# Alto Sax Beginner



## markoylan

I am looking to buy my son an alto sax. He has never played, so I'm leary to get something really expensive. I'm looking at a Brandnow and an Allan, which I can't find any info on. Does anyone have any recommendations?


----------



## mbhaub

Yes. I don't know where you live, but if there is a city of any size nearby there must be a music store that rents instruments. If you can't find one, contact your local elementary school band teacher and ask him/her for a name. Music & Arts is a big outfit that deals with student rentals all the time and the rental costs apply to purchase if you opt to.

Here's why: saxophones, good ones, are difficult to build correctly and a cheap Chinese knock off will handicap a beginner and cause them to give up. A decent sax, even a beginner's instrument, is not cheap. Bundy, Jupiter, Yamaha are excellent brands for beginners. Never, ever buy any instrument from Amazon or any other mass retailer. Only genuine music shops have the expertise and skill to make sure the horn is in playing condition.

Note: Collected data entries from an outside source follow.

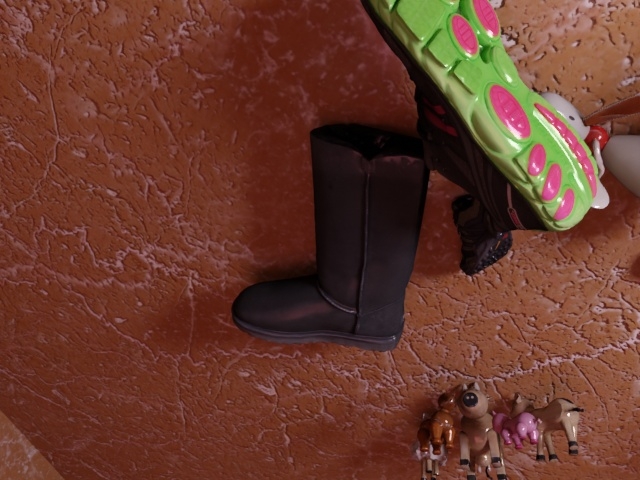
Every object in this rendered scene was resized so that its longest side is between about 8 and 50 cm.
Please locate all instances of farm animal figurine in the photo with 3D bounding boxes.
[{"bbox_3d":[0.374,0.411,1.310,0.330,0.172,0.327,2,139,5],"label":"farm animal figurine"}]

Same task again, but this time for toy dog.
[{"bbox_3d":[0.466,-0.108,0.874,0.333,0.161,0.220,5,111,10],"label":"toy dog"}]

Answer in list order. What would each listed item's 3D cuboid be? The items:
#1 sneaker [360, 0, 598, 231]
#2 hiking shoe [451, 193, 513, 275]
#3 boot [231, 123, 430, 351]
[{"bbox_3d":[0.186,-0.201,0.851,0.483,0.185,0.202,57,149,-2],"label":"sneaker"},{"bbox_3d":[0.284,-0.027,1.060,0.114,0.086,0.227,54,157,27],"label":"hiking shoe"},{"bbox_3d":[0.002,0.000,1.109,0.366,0.146,0.445,4,130,3],"label":"boot"}]
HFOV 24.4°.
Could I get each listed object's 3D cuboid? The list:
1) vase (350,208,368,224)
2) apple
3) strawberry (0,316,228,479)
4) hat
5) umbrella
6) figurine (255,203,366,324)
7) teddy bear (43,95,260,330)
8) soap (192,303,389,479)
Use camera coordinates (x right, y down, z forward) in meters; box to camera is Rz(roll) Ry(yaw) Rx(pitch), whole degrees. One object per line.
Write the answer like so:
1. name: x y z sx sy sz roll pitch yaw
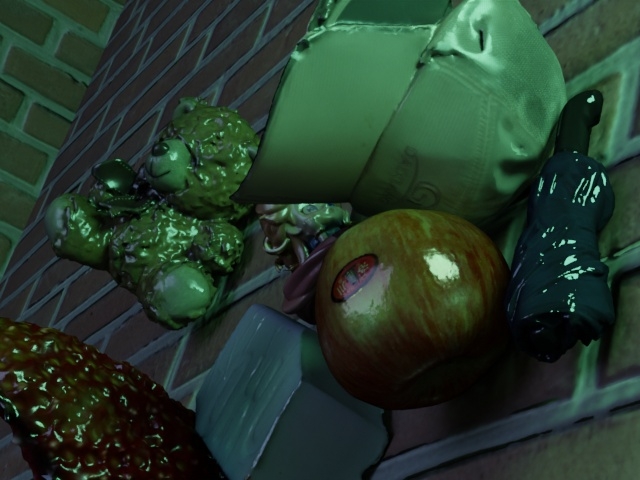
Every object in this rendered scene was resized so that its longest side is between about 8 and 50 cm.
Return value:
1. vase: 0.051 -0.019 1.316 0.101 0.053 0.053 -66 19 -3
2. apple: 0.066 0.045 1.044 0.146 0.146 0.131 -47 52 34
3. strawberry: -0.171 0.178 1.276 0.137 0.306 0.233 -28 28 2
4. hat: 0.061 -0.084 1.093 0.161 0.275 0.232 52 135 33
5. umbrella: 0.168 -0.015 1.011 0.071 0.071 0.248 -45 21 38
6. figurine: 0.001 0.010 1.251 0.157 0.126 0.114 30 129 39
7. teddy bear: -0.161 -0.042 1.729 0.267 0.156 0.256 33 96 31
8. soap: -0.028 0.144 1.224 0.145 0.091 0.230 -62 18 -3
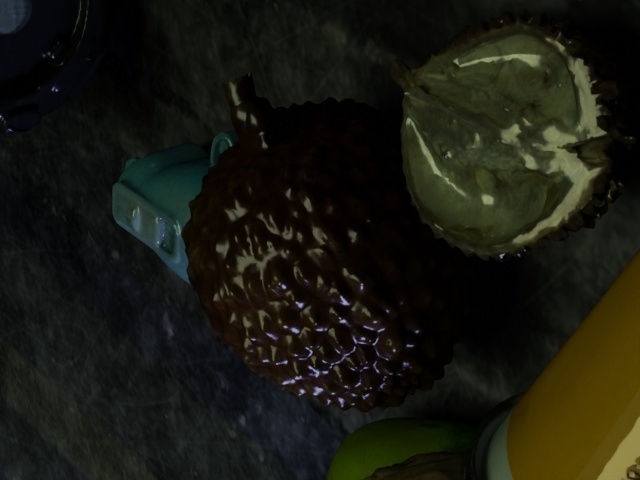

If there's no music store nearby try Woodwind&Brasswind at wwbw.com. Goodluck!


----------



## Vasks

mbhaub said:


> Never, ever buy any instrument from Amazon or any other mass retailer. Only genuine music shops have the expertise and skill to make sure the horn is in playing condition.
> If there's no music store nearby try Woodwind&Brasswind at wwbw.com. Goodluck!


Good advice.

I have purchased school horns from Woodwind&Brasswind. They're a reputable company.


----------



## bharbeke

I second the advice to rent something first, possibly using a rent-to-own program if the music store offers it. When you do go shopping for one to buy, he can try out various types with his preferred reed and mouthpiece combination. I have had good experiences with Yamaha and Selmer saxophones.


----------



## oldpete

The advice you have received is excellent. I taught instrumental music for 40 years. Brands that work well (some are older). Selmer and Bundy (same parent company), Conn, Armstrong, Vito, Jupiter, Yamaha...any major brand. Older and used horns are fine as long as they are in playing condition. The mouthpiece is something to check into soon. A topline mouthpiece is worth its cost. PM me with your city and state and I will be glad to help you. Rental programs are the way to go at first.


----------



## Manxfeeder

I think you have your answer from these posts. But another possible source for a used saxophone is if you have an instrument repair person in your area. There is one near me that all the schools send their instruments to, and he always has a used saxophone he's selling.


----------



## Nate Miller

you can also get a used Bundy on Ebay for cheap(ish).

Bundy is made by Selmer. It is their "School band" brand. If you are looking for a school band instrument, Bundy is going to be a better horn.

Altos are cheaper than tenors, so be glad he's looking for an Alto. Even a cheap tenor can be $500 USD. With an Alto, $300 USD will get a a good horn, and there are lots of them out there on Reverb and Ebay for alot less than that.

and with a Bundy you can put it right back on Ebay and get most of what you paid for it if it doesn't work out.

like oldpete said, the mouthpiece is something you can upgrade to. Alot of the horn player I've known played jazz, and alot of them used Myers mouthpieces. They're around $100, but can go for more


----------



## Frederikus

Like most of the others who replied, I recommend a Yamaha alto sax. I got mine (used only 3 times!!!) for less than 1500. Find a lot of options this review with positive ratings, if possible, and that have been played rarely, if ever. As for my Yamaha alto, I don't remember the model name, but this is my third year of band and the only repair I've ever had on it is to solder on a key guard/replace a keynote screw/replace a couple of right-hand pads.


----------



## Enthalpy

I second it: *Do NOT buy a Chinese cheap* instrument, they are often unplayable.

*Renting* is a good option before your son knows if he wants to go ahead.

Consider a *used* instrument. As good as a new one, much cheaper. But buy it *from a workshop*, so you know it's operational, especially as a beginner can't test it.

Yamaha makes instruments carefully. No flaw. Sound not the nicest, price not the cheapest.


----------